Marian Keyes during the Kinsale Literary Festival, 2024. Picture: David Creedon
Marian Keyes during the Kinsale Literary Festival, 2024. Picture: David Creedon

ALIVE AND AVAILABLE

She is used to addressing alcoholism but never gets tired of being asked about it; particularly not if it may help someone else out there.

“I would be dead if I hadn’t got into recovery when I did. I’m not dead. I’m alive and available. I try to be loving and to be a decent person.

“The one thing that I have felt really lucky and grateful for, it’s when other women have heard me and thought, ‘Oh fuck, I think I might be an alcoholic too and if she can stop, then maybe I can’.”

There is one thing she doesn’t get asked about enough — her husband, Tony Baines.
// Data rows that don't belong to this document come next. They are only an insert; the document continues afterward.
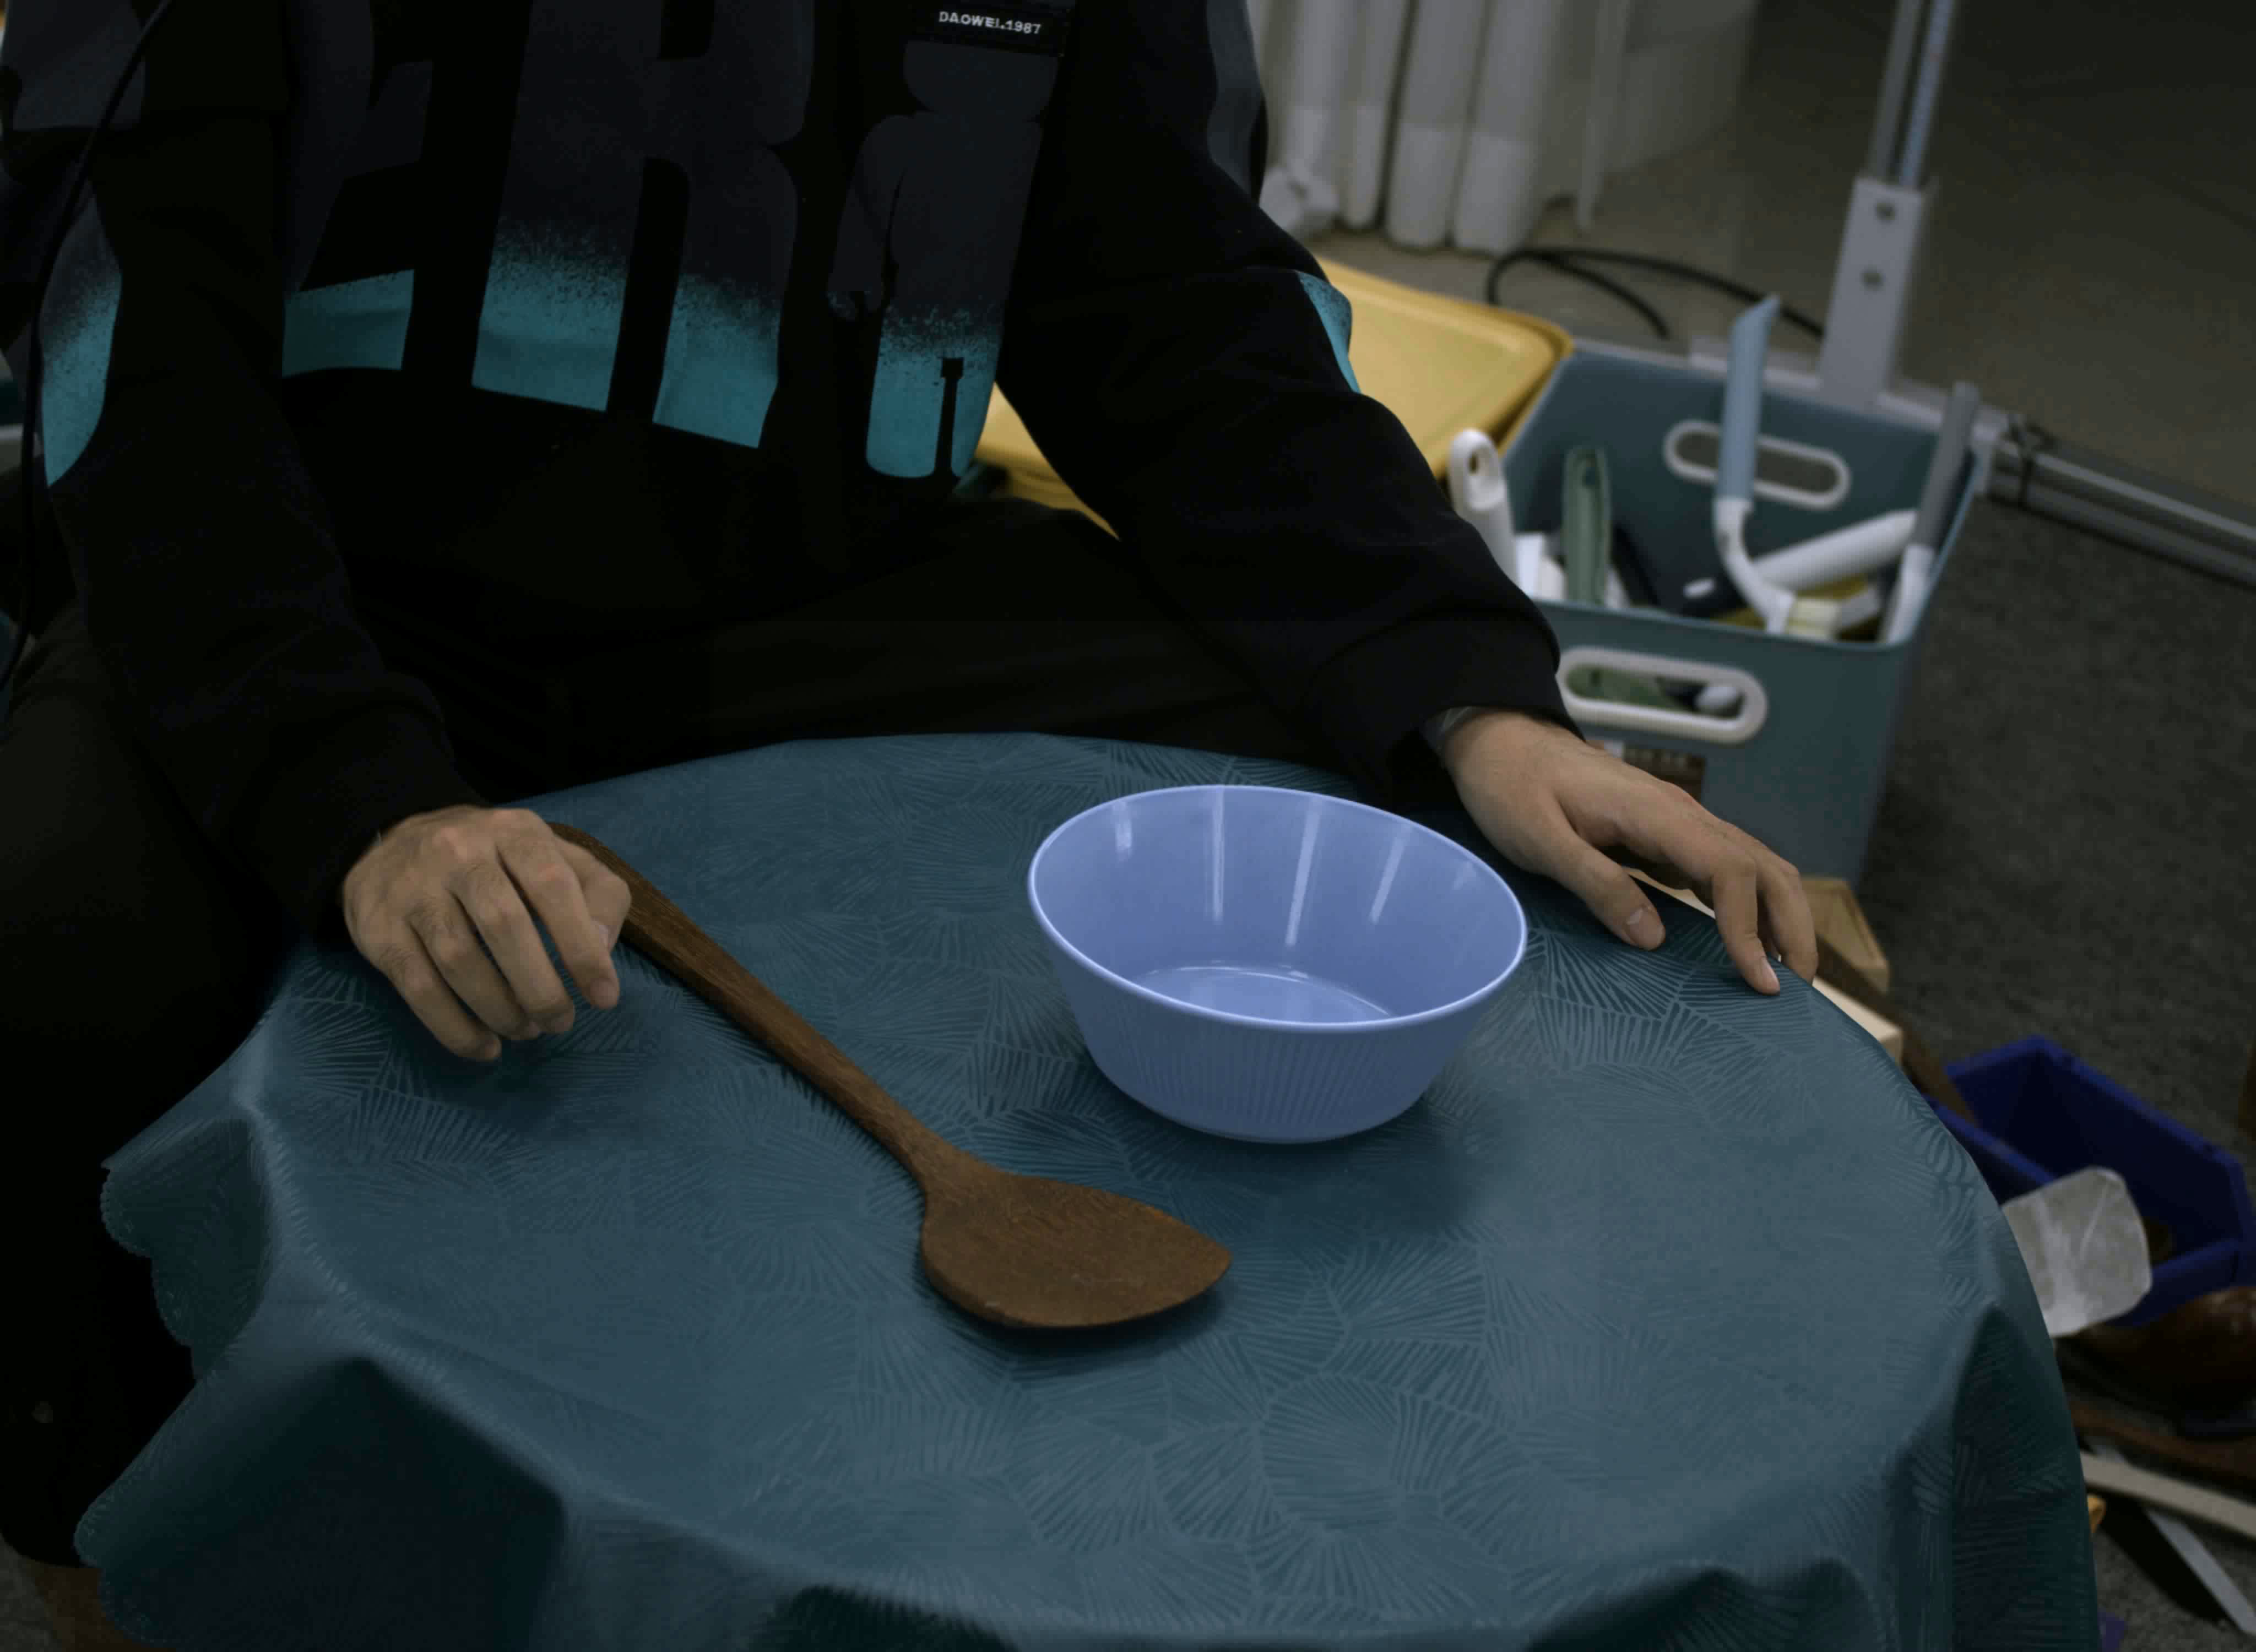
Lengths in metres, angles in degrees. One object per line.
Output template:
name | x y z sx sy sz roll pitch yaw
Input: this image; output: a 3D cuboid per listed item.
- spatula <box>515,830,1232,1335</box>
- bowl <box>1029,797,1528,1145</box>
spatula | -0.108 0.081 1.845 0.095 0.016 0.389 -13 33 -35
bowl | 0.050 0.056 1.869 0.175 0.070 0.177 5 25 -3
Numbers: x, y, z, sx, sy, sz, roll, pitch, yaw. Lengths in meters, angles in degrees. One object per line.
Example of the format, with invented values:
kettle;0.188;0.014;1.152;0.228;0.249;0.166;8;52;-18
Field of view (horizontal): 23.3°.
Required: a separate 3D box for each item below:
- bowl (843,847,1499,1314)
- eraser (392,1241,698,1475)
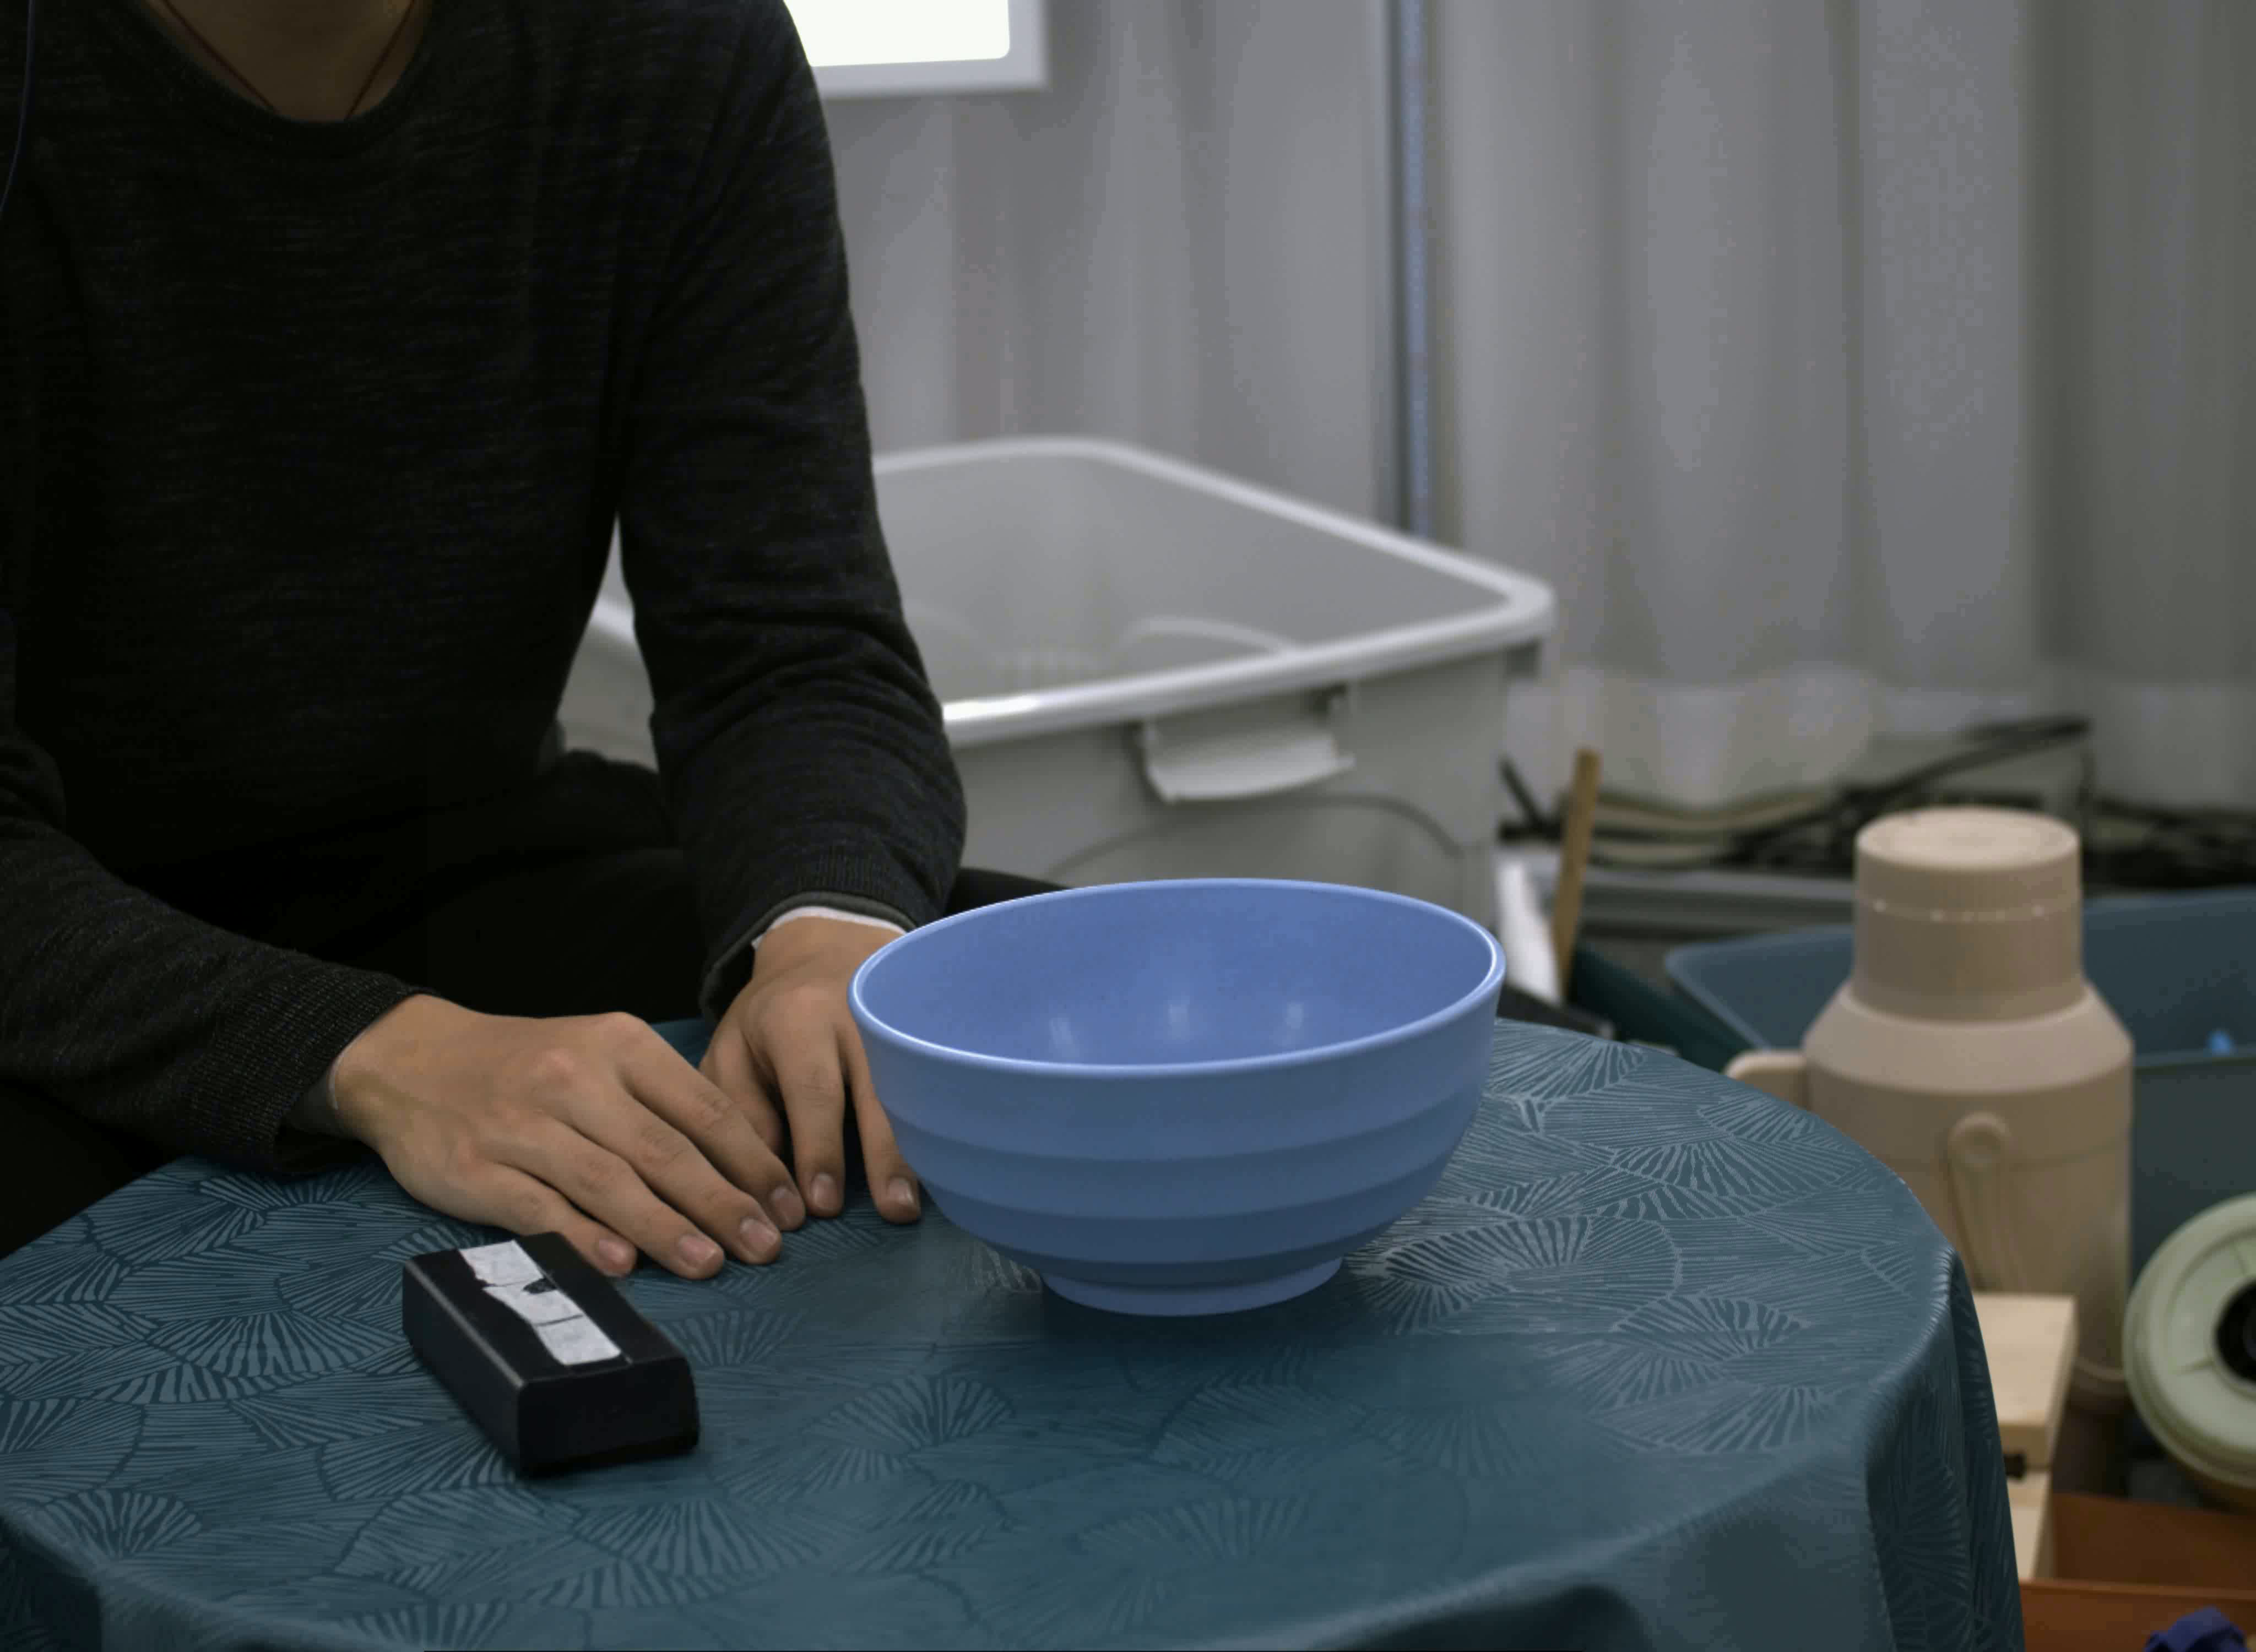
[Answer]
bowl;0.018;0.084;1.641;0.196;0.095;0.198;-6;19;2
eraser;-0.166;0.150;1.556;0.053;0.030;0.126;-6;14;-23
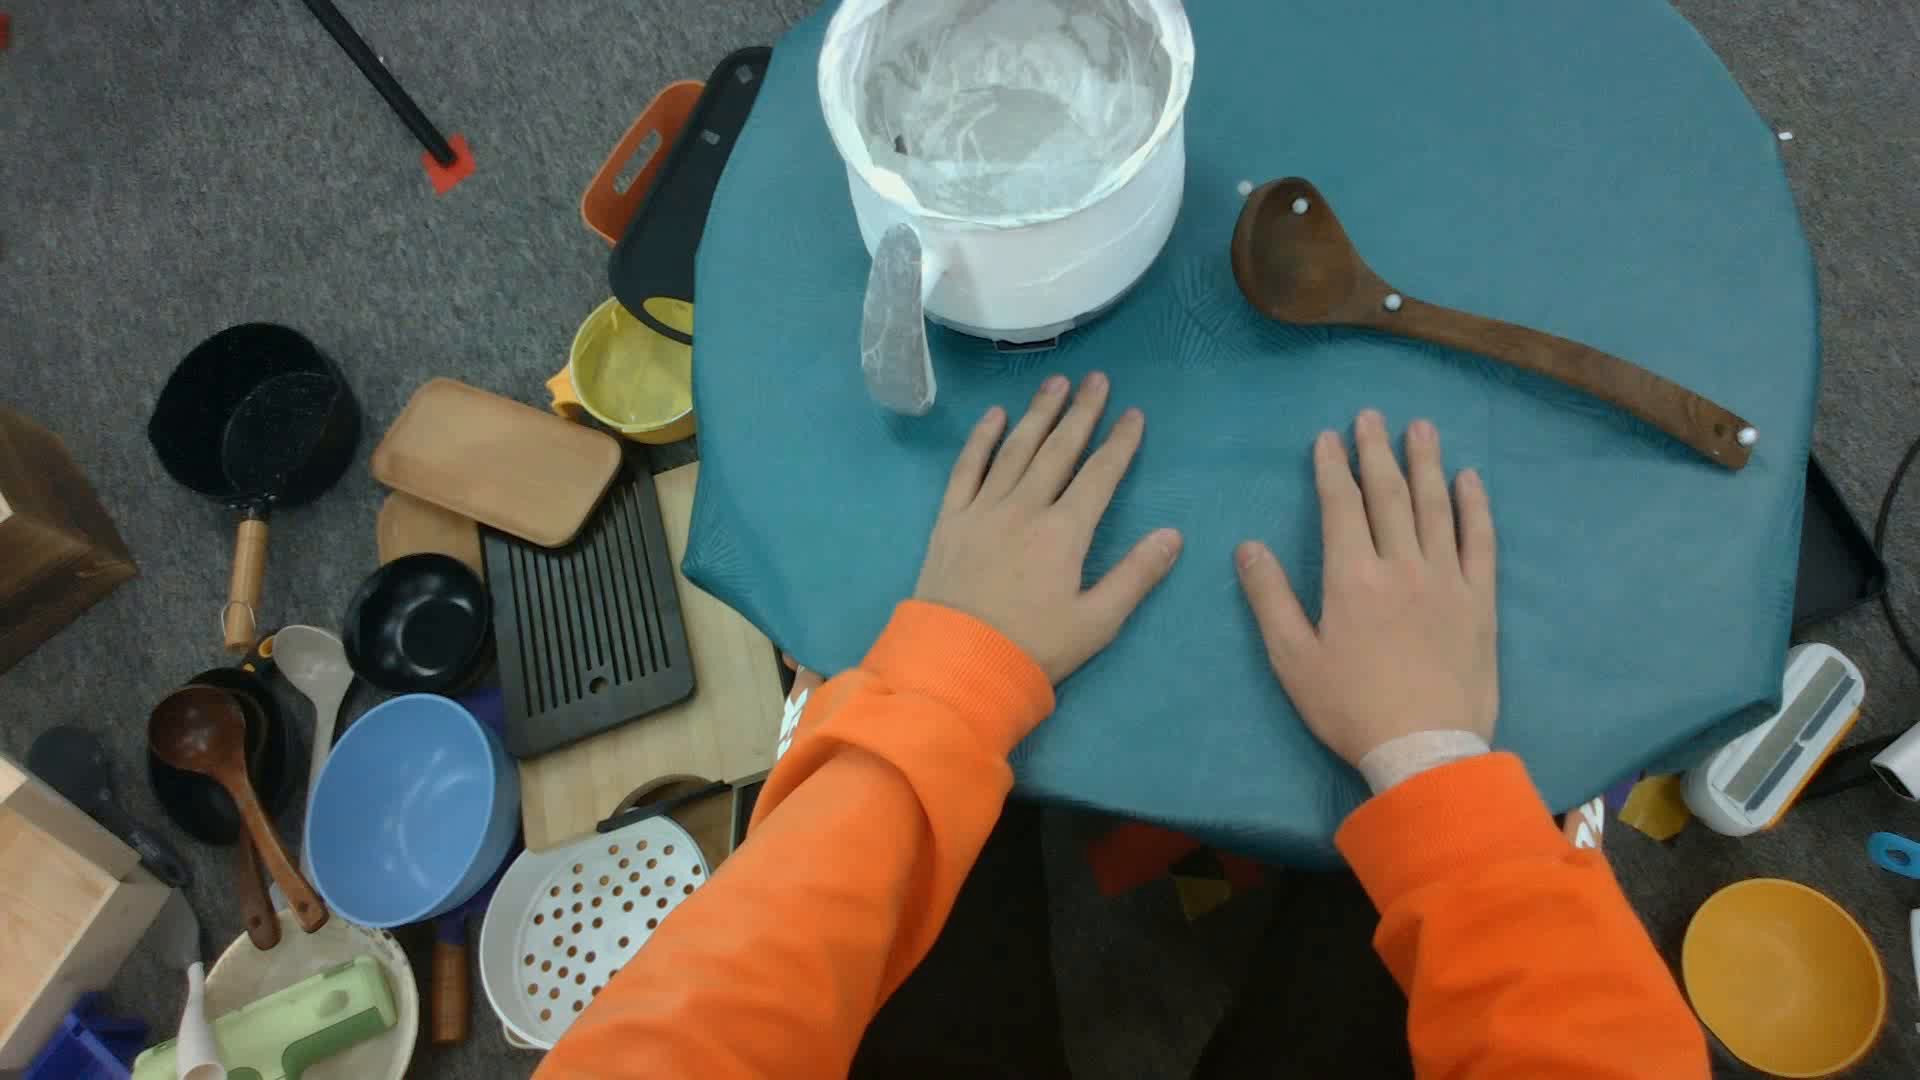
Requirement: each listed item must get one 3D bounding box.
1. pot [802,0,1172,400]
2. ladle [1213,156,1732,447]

They first met about “a thousand years ago” at his 30th birthday party in London.

“My flatmate, Suzanne, my sister’s best friend, worked with him. He had a party and Suzanne, being Irish, brought along 27 of her closest friends.

“She said he was really clever, loved Irish writers and music, and that he voted Labour.”

She feels lucky the pair have found each other. And when she speaks of Tony, her eyes sparkle a tad more than usual.

“He’s very different from me. He’s game for anything. A sea swim is on, count him in — and count me very much out. He’s a very ‘yes to life’ kind of a person, but he never makes me feel shit about being a ‘no to life’, he’s fine with me being an introvert.”

As previously established, a conversation with Keyes feels like a chat with the girls, where you cover everything from A to Z — even funerals and hurling.

While climbing “some mountain in Donegal”, Tony and herself stumbled upon a funeral and were forced to stay.

“You’re never alone at a funeral in Ireland. You could meet your next fella, make new friends, you get fed. Honestly, they’re bizarrely upbeat.”

She may hail from Limerick, but she has lived in many counties, including Clare, Cork, and Galway. But when the hurling is on, which she compares to “graceful but brutal ballet”, her heart lies with The Banner County — where her mother is from.

“It’s the place where I feel closeness, it’s very peaceful. I like the gentle beauty of Clare.

“And Clare hurlers would be the ones. Even my husband, who’s English, he follows them,” she laughs. “It’s like magic.”